Hosted iframe page example (send to LFForm sandbox, then receive ack):

const allowedOrigin = 'https://sandbox-forms.laserfiche.com';

const sendPaymentToken = (token) => {
  window.parent.postMessage({ type: 'payment-token', token }, allowedOrigin);
};

window.addEventListener('message', (event) => {
  if (event.origin !== allowedOrigin) return;

  const data = event.data || {};
  if (data.type === 'payment-ack' && data.ok) {
    console.log('Sandbox acknowledged token');
  }
});

Recommended Architecture

For reliable production behavior:

  1. Use LFForm APIs as the source of truth for form state.
  2. Use third-party logic libraries for computation, formatting, and API calls.
  3. Render visible HTML through LFForm field settings (content, description, subtext).
  4. For rich interactive UI, host a standalone page and embed via iframe.
  5. Exchange data through postMessage with strict origin checks.
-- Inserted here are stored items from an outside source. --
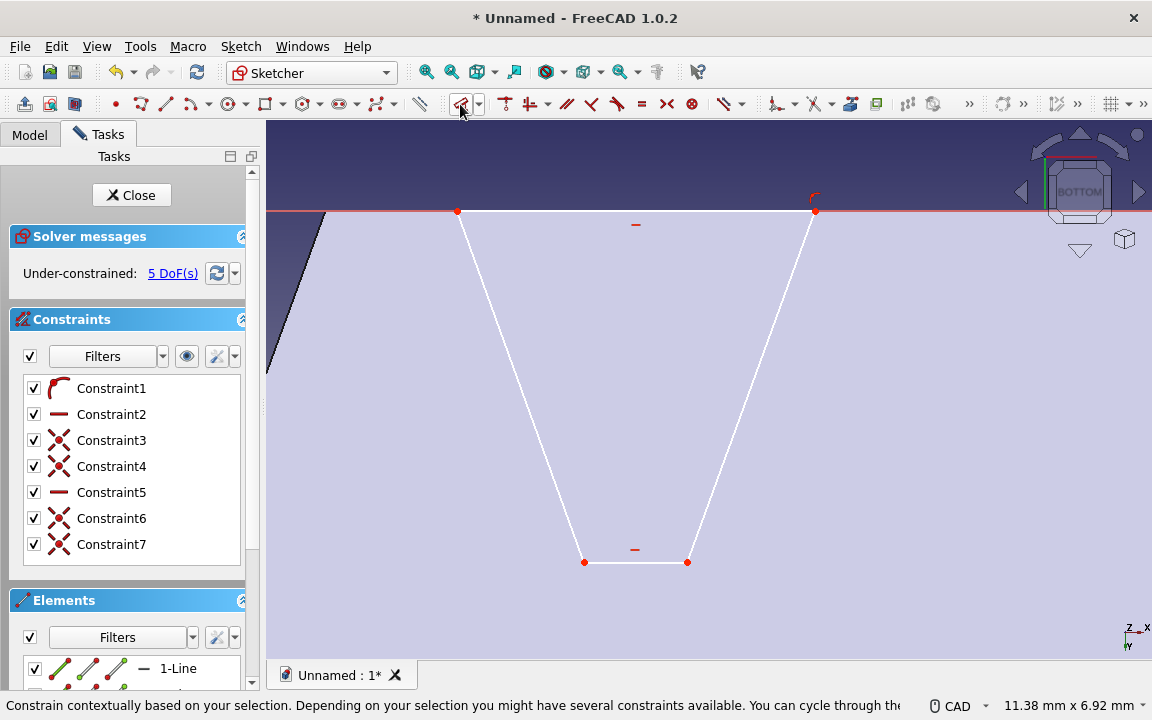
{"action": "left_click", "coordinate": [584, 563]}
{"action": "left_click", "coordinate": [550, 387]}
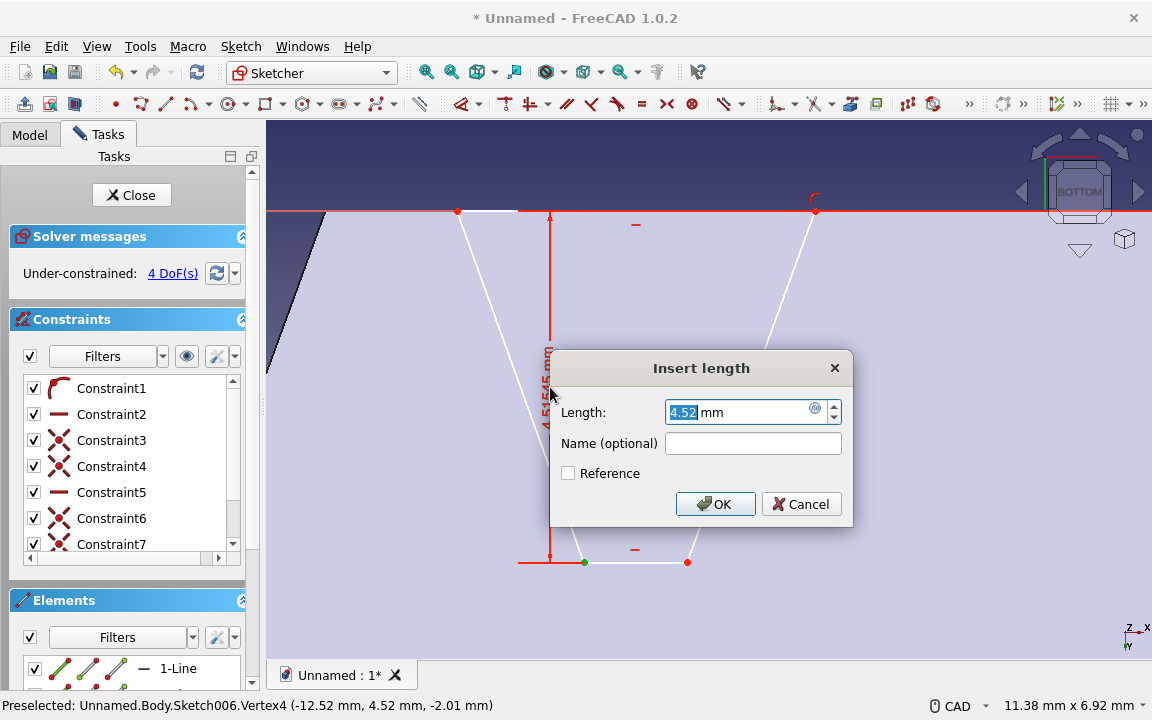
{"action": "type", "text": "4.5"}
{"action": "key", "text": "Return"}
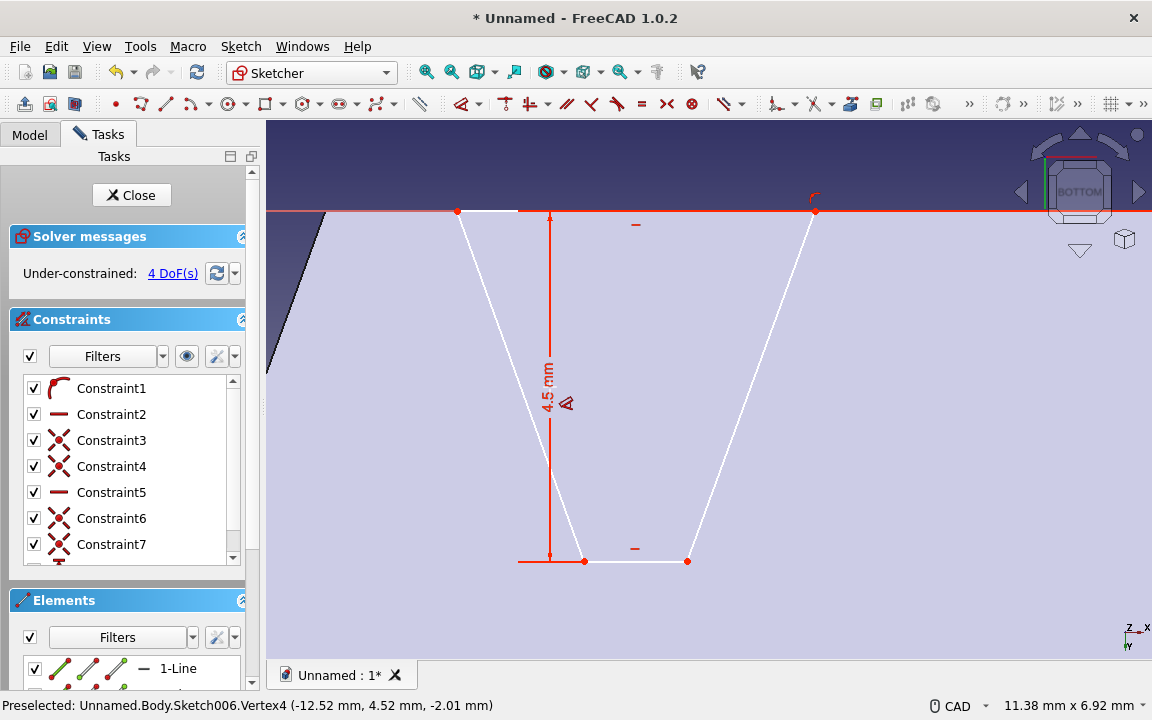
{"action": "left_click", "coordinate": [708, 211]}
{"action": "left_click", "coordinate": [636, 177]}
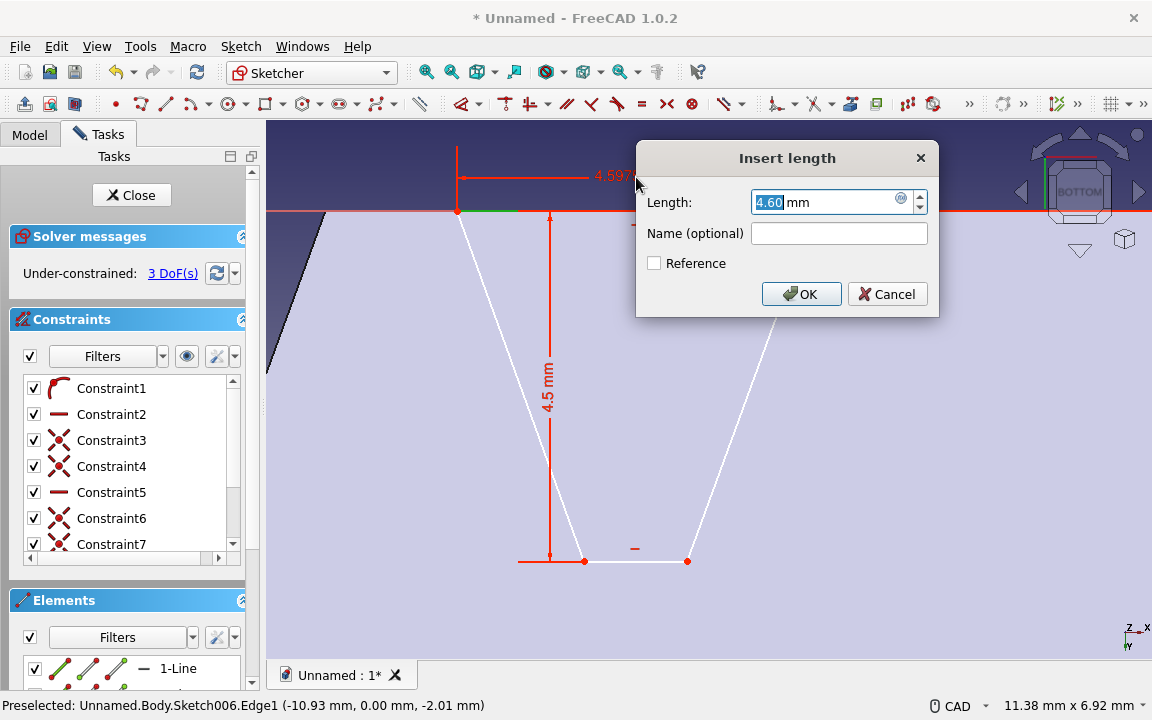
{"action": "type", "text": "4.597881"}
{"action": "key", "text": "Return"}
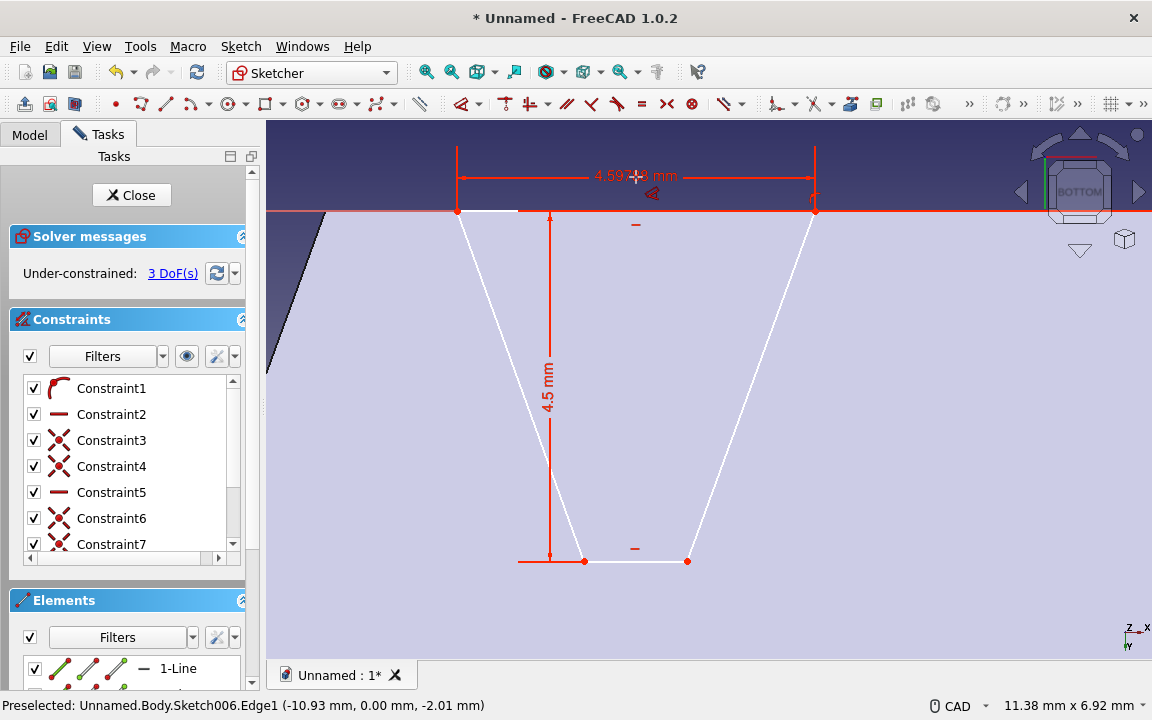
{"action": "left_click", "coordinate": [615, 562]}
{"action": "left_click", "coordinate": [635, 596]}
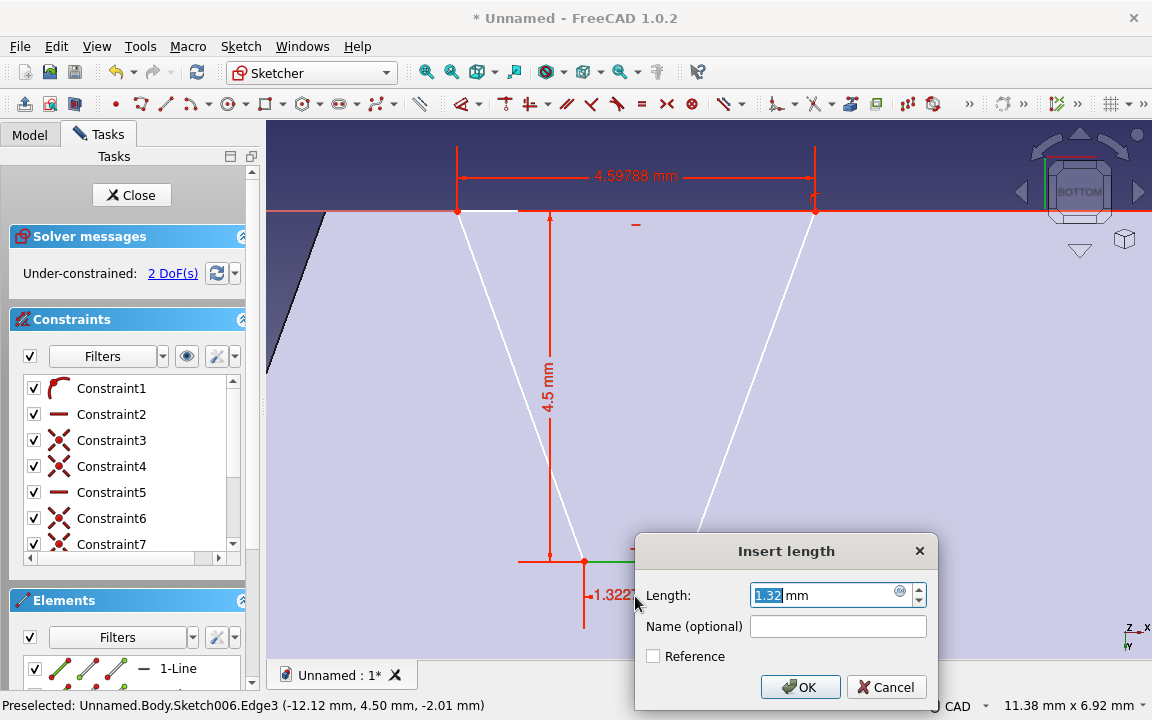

Security and Reliability Checklist

  • Validate postMessage origin before using message data.
  • Add https://sandbox-forms.laserfiche.com to trusted origin/CORS allow-lists when integrating external APIs.
  • Never trust iframe payloads without validation.
  • Keep API keys and secrets server-side.
  • Avoid inline script injection in generated HTML.
  • Gracefully handle readonly, print, and disabled contexts.
  • Always await LFForm mutating methods.

Common Pitfalls

  • Assuming jQuery selectors can target user-visible LFForm DOM directly.
  • Expecting copied HTML to preserve sandbox-attached event handlers.
  • Forgetting that repeatable fields require fieldId plus index for row-specific targeting.
  • Writing large HTML strings repeatedly without throttling updates.